(Beginning of WORKING DATA)

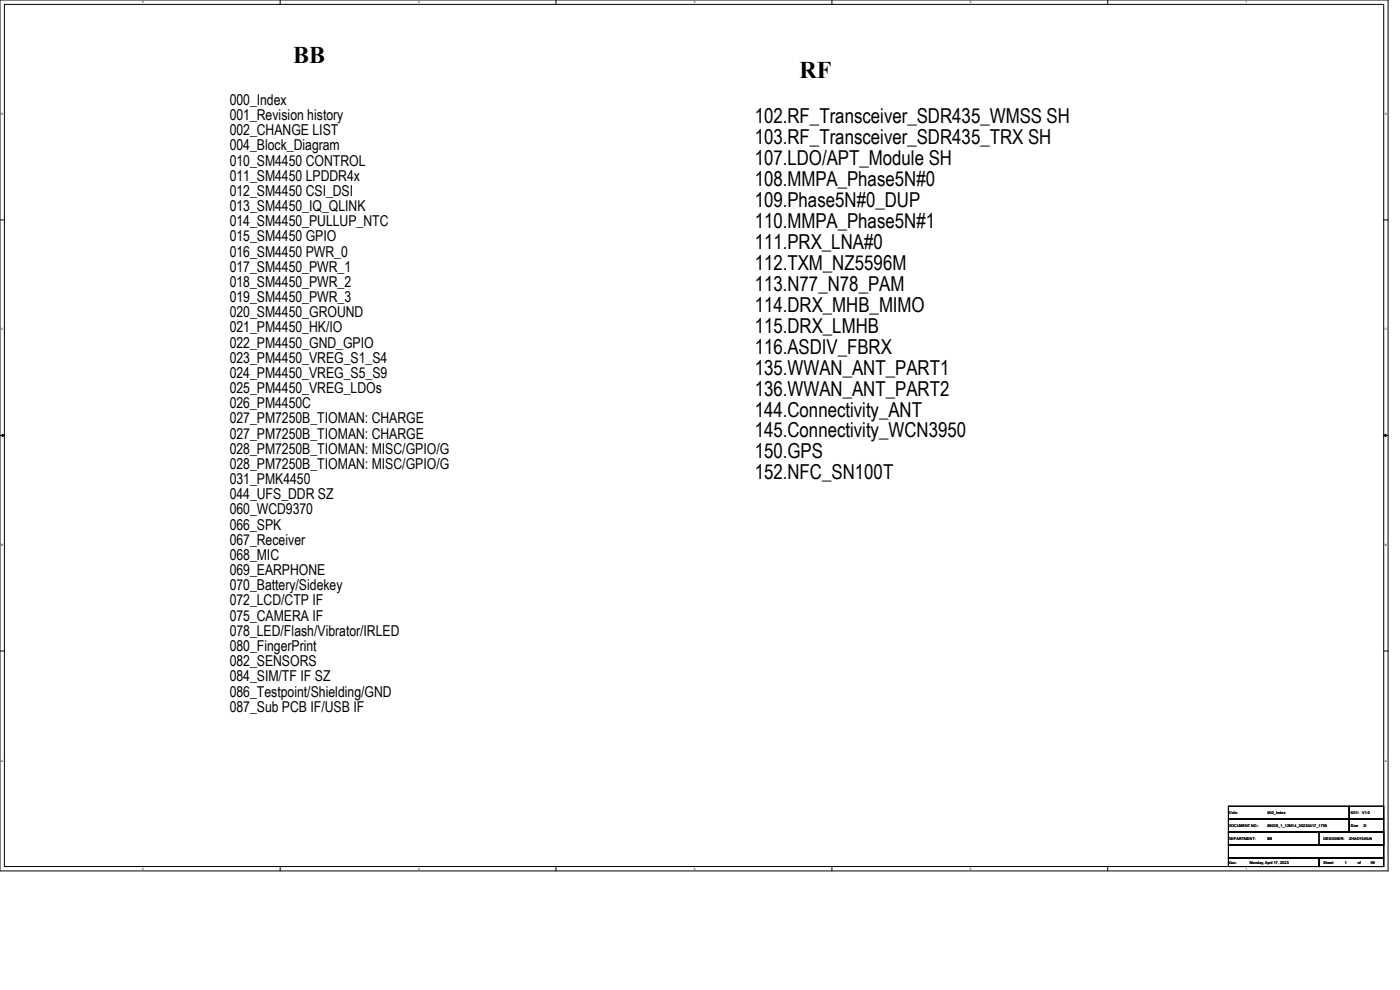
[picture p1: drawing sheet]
<svg xmlns="http://www.w3.org/2000/svg" width="297mm" height="210mm" viewBox="0 0 297 210" stroke-linecap="round" stroke-linejoin="round" font-family="sans-serif">
<defs><g id="words">
<g font-size="5.1">
<text x="62.2" y="13.3">BB</text>
<text x="169.6" y="16.5">RF</text>
</g>
<g font-size="4.4">
<text x="160.1" y="26.1">102.RF_Transceiver_SDR435_WMSS SH</text>
<text x="160.1" y="30.6">103.RF_Transceiver_SDR435_TRX SH</text>
<text x="160.1" y="35">107.LDO/APT_Module SH</text>
<text x="160.1" y="39.5">108.MMPA_Phase5N#0</text>
<text x="160.1" y="43.9">109.Phase5N#0_DUP</text>
<text x="160.1" y="48.3">110.MMPA_Phase5N#1</text>
<text x="160.1" y="52.8">111.PRX_LNA#0</text>
<text x="160.1" y="57.2">112.TXM_NZ5596M</text>
<text x="160.1" y="61.7">113.N77_N78_PAM</text>
<text x="160.1" y="66.1">114.DRX_MHB_MIMO</text>
<text x="160.1" y="70.6">115.DRX_LMHB</text>
<text x="160.1" y="75">116.ASDIV_FBRX</text>
<text x="160.1" y="79.5">135.WWAN_ANT_PART1</text>
<text x="160.1" y="83.9">136.WWAN_ANT_PART2</text>
<text x="160.1" y="88.3">144.Connectivity_ANT</text>
<text x="160.1" y="92.8">145.Connectivity_WCN3950</text>
<text x="160.1" y="97.2">150.GPS</text>
<text x="160.1" y="101.7">152.NFC_SN100T</text>
</g>
<g font-size="3.2">
<text x="48.7" y="22.3">000_Index</text>
<text x="48.7" y="25.5">001_Revision history</text>
<text x="48.7" y="28.7">002_CHANGE LIST</text>
<text x="48.7" y="31.9">004_Block_Diagram</text>
<text x="48.7" y="35.1">010_SM4450 CONTROL</text>
<text x="48.7" y="38.4">011_SM4450 LPDDR4x</text>
<text x="48.7" y="41.6">012_SM4450 CSI_DSI</text>
<text x="48.7" y="44.8">013_SM4450_IQ_QLINK</text>
<text x="48.7" y="48">014_SM4450_PULLUP_NTC</text>
<text x="48.7" y="51.2">015_SM4450 GPIO</text>
<text x="48.7" y="54.4">016_SM4450 PWR_0</text>
<text x="48.7" y="57.7">017_SM4450_PWR_1</text>
<text x="48.7" y="60.9">018_SM4450_PWR_2</text>
<text x="48.7" y="64.1">019_SM4450_PWR_3</text>
<text x="48.7" y="67.3">020_SM4450_GROUND</text>
<text x="48.7" y="70.5">021_PM4450_HK/IO</text>
<text x="48.7" y="73.7">022_PM4450_GND_GPIO</text>
<text x="48.7" y="77">023_PM4450_VREG_S1_S4</text>
<text x="48.7" y="80.2">024_PM4450_VREG_S5_S9</text>
<text x="48.7" y="83.4">025_PM4450_VREG_LDOs</text>
<text x="48.7" y="86.6">026_PM4450C</text>
<text x="48.7" y="89.8">027_PM7250B_TIOMAN: CHARGE</text>
<text x="48.7" y="93">027_PM7250B_TIOMAN: CHARGE</text>
<text x="48.7" y="96.3">028_PM7250B_TIOMAN: MISC/GPIO/G</text>
<text x="48.7" y="99.5">028_PM7250B_TIOMAN: MISC/GPIO/G</text>
<text x="48.7" y="102.7">031_PMK4450</text>
<text x="48.7" y="105.9">044_UFS_DDR SZ</text>
<text x="48.7" y="109.1">060_WCD9370</text>
<text x="48.7" y="112.4">066_SPK</text>
<text x="48.7" y="115.6">067_Receiver</text>
<text x="48.7" y="118.8">068_MIC</text>
<text x="48.7" y="122">069_EARPHONE</text>
<text x="48.7" y="125.2">070_Battery/Sidekey</text>
<text x="48.7" y="128.4">072_LCD/CTP IF</text>
<text x="48.7" y="131.7">075_CAMERA IF</text>
<text x="48.7" y="134.9">078_LED/Flash/Vibrator/IRLED</text>
<text x="48.7" y="138.1">080_FingerPrint</text>
<text x="48.7" y="141.3">082_SENSORS</text>
<text x="48.7" y="144.5">084_SIM/TF IF SZ</text>
<text x="48.7" y="147.7">086_Testpoint/Shielding/GND</text>
<text x="48.7" y="151">087_Sub PCB IF/USB IF</text>
</g>
<g font-size=".8">
<text x="260.6" y="172.6">Title</text>
<text x="268.9" y="172.7">000_Index</text>
<text x="286.6" y="172.6">REV:</text>
<text x="289" y="172.7">V1.0</text>
<text x="260.6" y="175.4">DOCUMENT NO.:</text>
<text x="260.6" y="178.2">DEPARTMENT:</text>
<text x="268.9" y="178.2">BB</text>
<text x="268.9" y="175.4">88029_1_12M14_20230417_1755</text>
<text x="280.8" y="178.2">DESIGNER:</text>
<text x="286.2" y="178.2">ZHAOYUKUN</text>
<text x="286.6" y="175.4">Size</text>
<text x="289.3" y="175.4">D</text>
<text x="260.7" y="183.2">Date:</text>
<text x="265.2" y="183.3">Monday, April 17, 2023</text>
<text x="280.8" y="183.3">Sheet</text>
<text x="285.3" y="183.3">1</text>
<text x="288" y="183.3">of</text>
<text x="290.8" y="183.3">59</text>
</g>
<g font-size=".6">
<text x="30.2" y=".7">5</text>
<text x="88.7" y=".7">4</text>
<text x="147.2" y=".7">3</text>
<text x="205.7" y=".7">2</text>
<text x="264.2" y=".7">1</text>
<text x=".3" y="24.4">D</text>
<text x="293.8" y="24.4">D</text>
<text x=".3" y="70.1">C</text>
<text x="293.8" y="70.1">C</text>
<text x=".3" y="115.8">B</text>
<text x="293.8" y="115.8">B</text>
<text x=".3" y="161.5">A</text>
<text x="293.8" y="161.5">A</text>
<text x="30.2" y="184.5">5</text>
<text x="88.7" y="184.5">4</text>
<text x="147.2" y="184.5">3</text>
<text x="205.7" y="184.5">2</text>
<text x="264.2" y="184.5">1</text>
</g>
</g></defs>
<g fill="none" stroke="#000" stroke-width=".21">
<path d="M0 0h294.5v184.7h-294.5zM.9 .9h292.6v182.9h-292.6zM59.4 0v.9M117.9 0v.9M176.5 0v.9M235 0v.9M0 46.7h.9M293.5 46.7h1M0 92.4h.9M.5 92.1l.4 .3-.4 .2zM293.5 92.4l.5-.3v.5zM293.5 92.4h1"/>
<path d="M0 138.1h.9M293.5 138.1h1M260.6 171h25.6v2.7h-25.6zM260.6 173.7h25.6v2.8h-25.6zM260.6 179.2h32.9v2.8h-32.9zM260.6 176.5h32.9v2.7h-32.9zM279.8 176.5h13.7v2.7h-13.7zM286.2 171h7.3v2.7h-7.3zM286.2 173.7h7.3v2.8h-7.3zM59.4 183.8v.9M117.9 183.8v.9M176.5 183.8v.9"/>
<path d="M235 183.8v.9M260.6 182h19.2v1.8h-19.2zM279.8 182h13.7v1.8h-13.7z"/>
</g>
<path d="M.5 92.1l.4 .3-.4 .2zM293.5 92.4l.5-.3v.5z" fill="#000"/>
<use href="#words"/>
</svg>

(End of WORKING DATA)

_THE PROBLEM_: Copy all the lines of data exactly as they appear, dropping any images.

_ANSWER_:
[picture p1: drawing sheet]
<svg xmlns="http://www.w3.org/2000/svg" width="297mm" height="210mm" viewBox="0 0 297 210" stroke-linecap="round" stroke-linejoin="round" font-family="sans-serif">
<defs><g id="words">
<g font-size="5.1">
<text x="62.2" y="13.3">BB</text>
<text x="169.6" y="16.5">RF</text>
</g>
<g font-size="4.4">
<text x="160.1" y="26.1">102.RF_Transceiver_SDR435_WMSS SH</text>
<text x="160.1" y="30.6">103.RF_Transceiver_SDR435_TRX SH</text>
<text x="160.1" y="35">107.LDO/APT_Module SH</text>
<text x="160.1" y="39.5">108.MMPA_Phase5N#0</text>
<text x="160.1" y="43.9">109.Phase5N#0_DUP</text>
<text x="160.1" y="48.3">110.MMPA_Phase5N#1</text>
<text x="160.1" y="52.8">111.PRX_LNA#0</text>
<text x="160.1" y="57.2">112.TXM_NZ5596M</text>
<text x="160.1" y="61.7">113.N77_N78_PAM</text>
<text x="160.1" y="66.1">114.DRX_MHB_MIMO</text>
<text x="160.1" y="70.6">115.DRX_LMHB</text>
<text x="160.1" y="75">116.ASDIV_FBRX</text>
<text x="160.1" y="79.5">135.WWAN_ANT_PART1</text>
<text x="160.1" y="83.9">136.WWAN_ANT_PART2</text>
<text x="160.1" y="88.3">144.Connectivity_ANT</text>
<text x="160.1" y="92.8">145.Connectivity_WCN3950</text>
<text x="160.1" y="97.2">150.GPS</text>
<text x="160.1" y="101.7">152.NFC_SN100T</text>
</g>
<g font-size="3.2">
<text x="48.7" y="22.3">000_Index</text>
<text x="48.7" y="25.5">001_Revision history</text>
<text x="48.7" y="28.7">002_CHANGE LIST</text>
<text x="48.7" y="31.9">004_Block_Diagram</text>
<text x="48.7" y="35.1">010_SM4450 CONTROL</text>
<text x="48.7" y="38.4">011_SM4450 LPDDR4x</text>
<text x="48.7" y="41.6">012_SM4450 CSI_DSI</text>
<text x="48.7" y="44.8">013_SM4450_IQ_QLINK</text>
<text x="48.7" y="48">014_SM4450_PULLUP_NTC</text>
<text x="48.7" y="51.2">015_SM4450 GPIO</text>
<text x="48.7" y="54.4">016_SM4450 PWR_0</text>
<text x="48.7" y="57.7">017_SM4450_PWR_1</text>
<text x="48.7" y="60.9">018_SM4450_PWR_2</text>
<text x="48.7" y="64.1">019_SM4450_PWR_3</text>
<text x="48.7" y="67.3">020_SM4450_GROUND</text>
<text x="48.7" y="70.5">021_PM4450_HK/IO</text>
<text x="48.7" y="73.7">022_PM4450_GND_GPIO</text>
<text x="48.7" y="77">023_PM4450_VREG_S1_S4</text>
<text x="48.7" y="80.2">024_PM4450_VREG_S5_S9</text>
<text x="48.7" y="83.4">025_PM4450_VREG_LDOs</text>
<text x="48.7" y="86.6">026_PM4450C</text>
<text x="48.7" y="89.8">027_PM7250B_TIOMAN: CHARGE</text>
<text x="48.7" y="93">027_PM7250B_TIOMAN: CHARGE</text>
<text x="48.7" y="96.3">028_PM7250B_TIOMAN: MISC/GPIO/G</text>
<text x="48.7" y="99.5">028_PM7250B_TIOMAN: MISC/GPIO/G</text>
<text x="48.7" y="102.7">031_PMK4450</text>
<text x="48.7" y="105.9">044_UFS_DDR SZ</text>
<text x="48.7" y="109.1">060_WCD9370</text>
<text x="48.7" y="112.4">066_SPK</text>
<text x="48.7" y="115.6">067_Receiver</text>
<text x="48.7" y="118.8">068_MIC</text>
<text x="48.7" y="122">069_EARPHONE</text>
<text x="48.7" y="125.2">070_Battery/Sidekey</text>
<text x="48.7" y="128.4">072_LCD/CTP IF</text>
<text x="48.7" y="131.7">075_CAMERA IF</text>
<text x="48.7" y="134.9">078_LED/Flash/Vibrator/IRLED</text>
<text x="48.7" y="138.1">080_FingerPrint</text>
<text x="48.7" y="141.3">082_SENSORS</text>
<text x="48.7" y="144.5">084_SIM/TF IF SZ</text>
<text x="48.7" y="147.7">086_Testpoint/Shielding/GND</text>
<text x="48.7" y="151">087_Sub PCB IF/USB IF</text>
</g>
<g font-size=".8">
<text x="260.6" y="172.6">Title</text>
<text x="268.9" y="172.7">000_Index</text>
<text x="286.6" y="172.6">REV:</text>
<text x="289" y="172.7">V1.0</text>
<text x="260.6" y="175.4">DOCUMENT NO.:</text>
<text x="260.6" y="178.2">DEPARTMENT:</text>
<text x="268.9" y="178.2">BB</text>
<text x="268.9" y="175.4">88029_1_12M14_20230417_1755</text>
<text x="280.8" y="178.2">DESIGNER:</text>
<text x="286.2" y="178.2">ZHAOYUKUN</text>
<text x="286.6" y="175.4">Size</text>
<text x="289.3" y="175.4">D</text>
<text x="260.7" y="183.2">Date:</text>
<text x="265.2" y="183.3">Monday, April 17, 2023</text>
<text x="280.8" y="183.3">Sheet</text>
<text x="285.3" y="183.3">1</text>
<text x="288" y="183.3">of</text>
<text x="290.8" y="183.3">59</text>
</g>
<g font-size=".6">
<text x="30.2" y=".7">5</text>
<text x="88.7" y=".7">4</text>
<text x="147.2" y=".7">3</text>
<text x="205.7" y=".7">2</text>
<text x="264.2" y=".7">1</text>
<text x=".3" y="24.4">D</text>
<text x="293.8" y="24.4">D</text>
<text x=".3" y="70.1">C</text>
<text x="293.8" y="70.1">C</text>
<text x=".3" y="115.8">B</text>
<text x="293.8" y="115.8">B</text>
<text x=".3" y="161.5">A</text>
<text x="293.8" y="161.5">A</text>
<text x="30.2" y="184.5">5</text>
<text x="88.7" y="184.5">4</text>
<text x="147.2" y="184.5">3</text>
<text x="205.7" y="184.5">2</text>
<text x="264.2" y="184.5">1</text>
</g>
</g></defs>
<g fill="none" stroke="#000" stroke-width=".21">
<path d="M0 0h294.5v184.7h-294.5zM.9 .9h292.6v182.9h-292.6zM59.4 0v.9M117.9 0v.9M176.5 0v.9M235 0v.9M0 46.7h.9M293.5 46.7h1M0 92.4h.9M.5 92.1l.4 .3-.4 .2zM293.5 92.4l.5-.3v.5zM293.5 92.4h1"/>
<path d="M0 138.1h.9M293.5 138.1h1M260.6 171h25.6v2.7h-25.6zM260.6 173.7h25.6v2.8h-25.6zM260.6 179.2h32.9v2.8h-32.9zM260.6 176.5h32.9v2.7h-32.9zM279.8 176.5h13.7v2.7h-13.7zM286.2 171h7.3v2.7h-7.3zM286.2 173.7h7.3v2.8h-7.3zM59.4 183.8v.9M117.9 183.8v.9M176.5 183.8v.9"/>
<path d="M235 183.8v.9M260.6 182h19.2v1.8h-19.2zM279.8 182h13.7v1.8h-13.7z"/>
</g>
<path d="M.5 92.1l.4 .3-.4 .2zM293.5 92.4l.5-.3v.5z" fill="#000"/>
<use href="#words"/>
</svg>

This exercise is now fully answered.